Also, I mentioned a couple of weeks ago that Soft Dramatic was my aspirational Kibbe ID, but I’m pretty sure Dramatic Classic is a close second. I love the clean lines and extremely tailored styles. I know this style would be far too severe and fitted on me, but any style ID where “jackets are a mainstay of [the] wardrobe” is definitely high on my list of inspirational styles. It’s interesting how different this is from Soft Dramatic; one is all about large sweeping shapes and Dramatic Classic is all about streamlined, tailored looks. This possibly speaks to why, in hindsight, many of my sewing projects are all over the map, style wise. It also, hopefully, gives me the insight to make more strategic choices in the future and avoid making a bunch of closet orphans, as I have in the past. If nothing else, I’m at least starting to crystalize what I like and why, and that should be really helpful in planning sewing projects in the future.
Coming Next Week: This week we looked at what happens when you add a bit of yang to a Classic with the Dramatic Classic. Next week we’ll see what happens when you go the other way and add a little extra yin with Kibbe’s Soft Classic!

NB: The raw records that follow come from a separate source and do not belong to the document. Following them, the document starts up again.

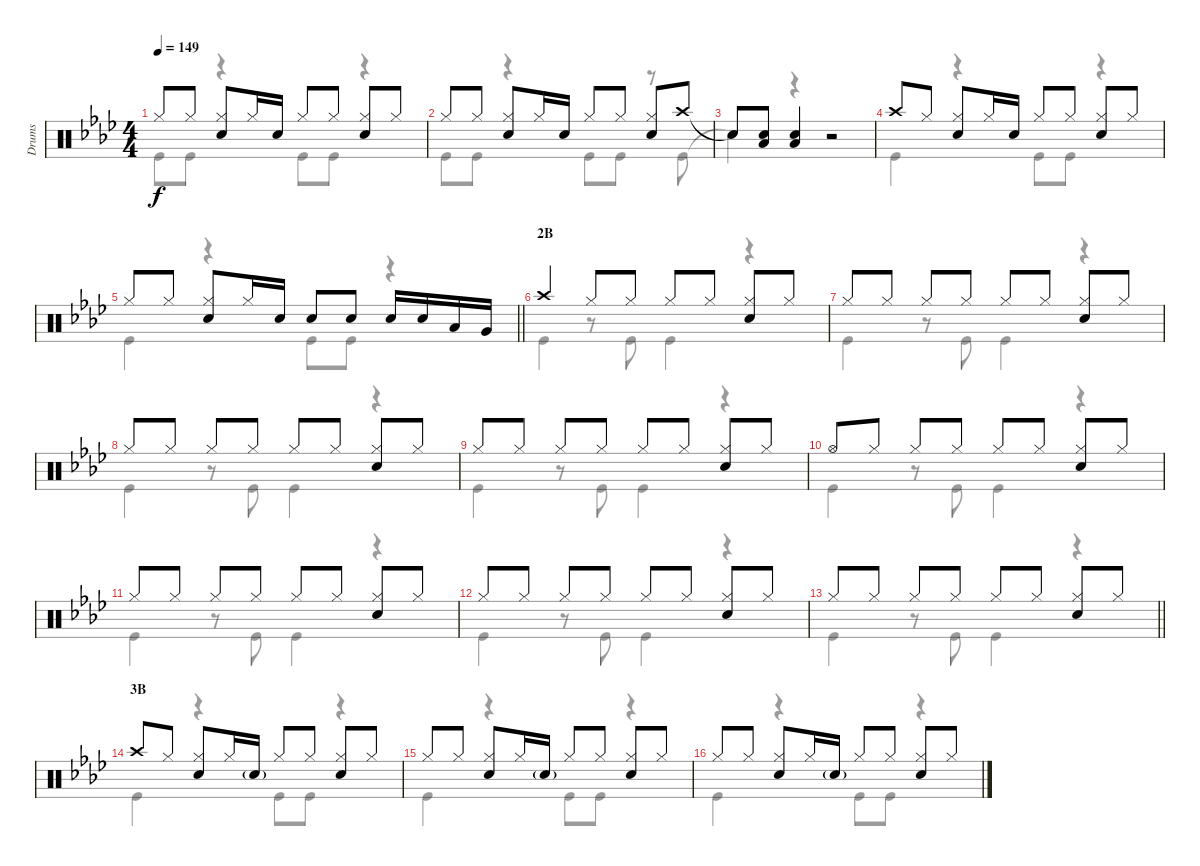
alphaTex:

\track ("Drums" "Drums") {instrument percussion}
\staff {score}
\articulation defaults
\voice
\ts (4 4)
\tempo 149
\clef neutral
\ks ab "Hi-Hat (closed)".8{dy f} "Hi-Hat (closed)".8
("Hi-Hat (closed)" "Snare (hit) 2").8 "Hi-Hat (closed)".16 "Snare (hit) 2".16 "Hi-Hat (closed)".8 "Hi-Hat (closed)".8 ("Hi-Hat (closed)" "Snare (hit) 2").8 "Hi-Hat (closed)".8 |
"Hi-Hat (closed)".8 "Hi-Hat (closed)".8 ("Hi-Hat (closed)" "Snare (hit) 2").8 "Hi-Hat (closed)".16 "Snare (hit) 2".16 "Hi-Hat (closed)".8 "Hi-Hat (closed)".8 ("Hi-Hat (closed)" "Snare (hit) 2").8 "Crash high (hit)".8 |
"Snare (hit)"{t}.8 ("Snare (hit) 2" "Low Tom (hit)").8 ("Snare (hit) 2" "Low Tom (hit)").4 r.2 |
"Crash high (hit)".8 "Hi-Hat (closed)".8 ("Hi-Hat (closed)" "Snare (hit) 2").8 "Hi-Hat (closed)".16 "Snare (hit) 2".16 "Hi-Hat (closed)".8 "Hi-Hat (closed)".8 ("Hi-Hat (closed)" "Snare (hit) 2").8 "Hi-Hat (closed)".8 |
\barLineRight lightlight "Hi-Hat (closed)".8 "Hi-Hat (closed)".8
("Hi-Hat (closed)" "Snare (hit) 2").8 "Hi-Hat (closed)".16 "Snare (hit) 2".16 "Snare (hit) 2".8 "Snare (hit) 2".8 "Snare (hit) 2".16 "Snare (hit) 2".16 "Low Tom (hit)".16 "Very Low Tom (hit)".16 |
\section ("" "2B")
"Crash high (hit)".4 "Hi-Hat (closed)".8 "Hi-Hat (closed)".8 "Hi-Hat (closed)".8 "Hi-Hat (closed)".8 ("Hi-Hat (closed)" "Snare (hit) 2").8 "Hi-Hat (closed)".8 |
"Hi-Hat (closed)".8 "Hi-Hat (closed)".8 "Hi-Hat (closed)".8 "Hi-Hat (closed)".8 "Hi-Hat (closed)".8 "Hi-Hat (closed)".8 ("Hi-Hat (closed)" "Snare (hit) 2").8 "Hi-Hat (closed)".8 |
"Hi-Hat (closed)".8 "Hi-Hat (closed)".8 "Hi-Hat (closed)".8 "Hi-Hat (closed)".8 "Hi-Hat (closed)".8 "Hi-Hat (closed)".8 ("Hi-Hat (closed)" "Snare (hit) 2").8 "Hi-Hat (closed)".8 |
"Hi-Hat (closed)".8 "Hi-Hat (closed)".8 "Hi-Hat (closed)".8 "Hi-Hat (closed)".8 "Hi-Hat (closed)".8 "Hi-Hat (closed)".8 ("Hi-Hat (closed)" "Snare (hit) 2").8 "Hi-Hat (closed)".8 |
"Hi-Hat (open)".8 "Hi-Hat (closed)".8 "Hi-Hat (closed)".8 "Hi-Hat (closed)".8 "Hi-Hat (closed)".8 "Hi-Hat (closed)".8 ("Hi-Hat (closed)" "Snare (hit) 2").8 "Hi-Hat (closed)".8 |
"Hi-Hat (closed)".8 "Hi-Hat (closed)".8 "Hi-Hat (closed)".8 "Hi-Hat (closed)".8 "Hi-Hat (closed)".8 "Hi-Hat (closed)".8 ("Hi-Hat (closed)" "Snare (hit) 2").8 "Hi-Hat (closed)".8 |
"Hi-Hat (closed)".8 "Hi-Hat (closed)".8 "Hi-Hat (closed)".8 "Hi-Hat (closed)".8 "Hi-Hat (closed)".8 "Hi-Hat (closed)".8 ("Hi-Hat (closed)" "Snare (hit) 2").8 "Hi-Hat (closed)".8 |
\barLineRight lightlight "Hi-Hat (closed)".8 "Hi-Hat (closed)".8 "Hi-Hat (closed)".8 "Hi-Hat (closed)".8 "Hi-Hat (closed)".8 "Hi-Hat (closed)".8
("Hi-Hat (closed)" "Snare (hit) 2").8 "Hi-Hat (closed)".8 |
\section ("" "3B")
"Crash high (hit)".8 "Hi-Hat (closed)".8 ("Hi-Hat (closed)" "Snare (hit) 2").8 "Hi-Hat (closed)".16 "Snare (hit) 2"{g}.16 "Hi-Hat (closed)".8 "Hi-Hat (closed)".8 ("Hi-Hat (closed)" "Snare (hit) 2").8 "Hi-Hat (closed)".8 |
"Hi-Hat (closed)".8 "Hi-Hat (closed)".8 ("Hi-Hat (closed)" "Snare (hit) 2").8 "Hi-Hat (closed)".16 "Snare (hit) 2"{g}.16 "Hi-Hat (closed)".8 "Hi-Hat (closed)".8 ("Hi-Hat (closed)" "Snare (hit) 2").8 "Hi-Hat (closed)".8 |
"Hi-Hat (closed)".8 "Hi-Hat (closed)".8 ("Hi-Hat (closed)" "Snare (hit) 2").8 "Hi-Hat (closed)".16 "Snare (hit) 2"{g}.16 "Hi-Hat (closed)".8 "Hi-Hat (closed)".8 ("Hi-Hat (closed)" "Snare (hit) 2").8 "Hi-Hat (closed)".8
\voice
\clef neutral
\ottava regular
\simile none
\ks ab "Kick (hit)".8{dy f} "Kick (hit)".8
r.4 "Kick (hit)".8 "Kick (hit)".8 r.4 |
"Kick (hit)".8 "Kick (hit)".8 r.4 "Kick (hit)".8 "Kick (hit)".8 r.8 "Kick (hit)".8 |
"Snare (hit)"{t}.4 r.4 r.2 |
"Kick (hit)".4 r.4 "Kick (hit)".8 "Kick (hit)".8 r.4 |
\barLineRight lightlight "Kick (hit)".4
r.4 "Kick (hit)".8 "Kick (hit)".8 r.4 |
"Kick (hit)".4 r.8 "Kick (hit)".8 "Kick (hit)".4 r.4 |
"Kick (hit)".4 r.8 "Kick (hit)".8 "Kick (hit)".4 r.4 |
"Kick (hit)".4 r.8 "Kick (hit)".8 "Kick (hit)".4 r.4 |
"Kick (hit)".4 r.8 "Kick (hit)".8 "Kick (hit)".4 r.4 |
"Kick (hit)".4 r.8 "Kick (hit)".8 "Kick (hit)".4 r.4 |
"Kick (hit)".4 r.8 "Kick (hit)".8 "Kick (hit)".4 r.4 |
"Kick (hit)".4 r.8 "Kick (hit)".8 "Kick (hit)".4 r.4 |
\barLineRight lightlight "Kick (hit)".4
r.8 "Kick (hit)".8 "Kick (hit)".4 r.4 |
"Kick (hit)".4 r.4 "Kick (hit)".8 "Kick (hit)".8 r.4 |
"Kick (hit)".4 r.4 "Kick (hit)".8 "Kick (hit)".8 r.4 |
"Kick (hit)".4 r.4 "Kick (hit)".8 "Kick (hit)".8 r.4

Such a great review, as always. I was pretty sure this was closest to me before I started reading, but then I hesitated because of a couple minor differences in the physical characteristics. Then I basically scrolled through what was my own wardrobe of best styles and patterns I like (!) and so I do think this is me. I found your comments at the end insightful as usual. Thanks for all of this work.
I think it’s important for all of us to remember that we don’t have to be 100% in the guidelines to be in that type. We all have unique aspects, and it is the combination of things on the whole that really determine the Kibbe ID. I find people get fixated on height, but that’s only one aspect of the overall impression.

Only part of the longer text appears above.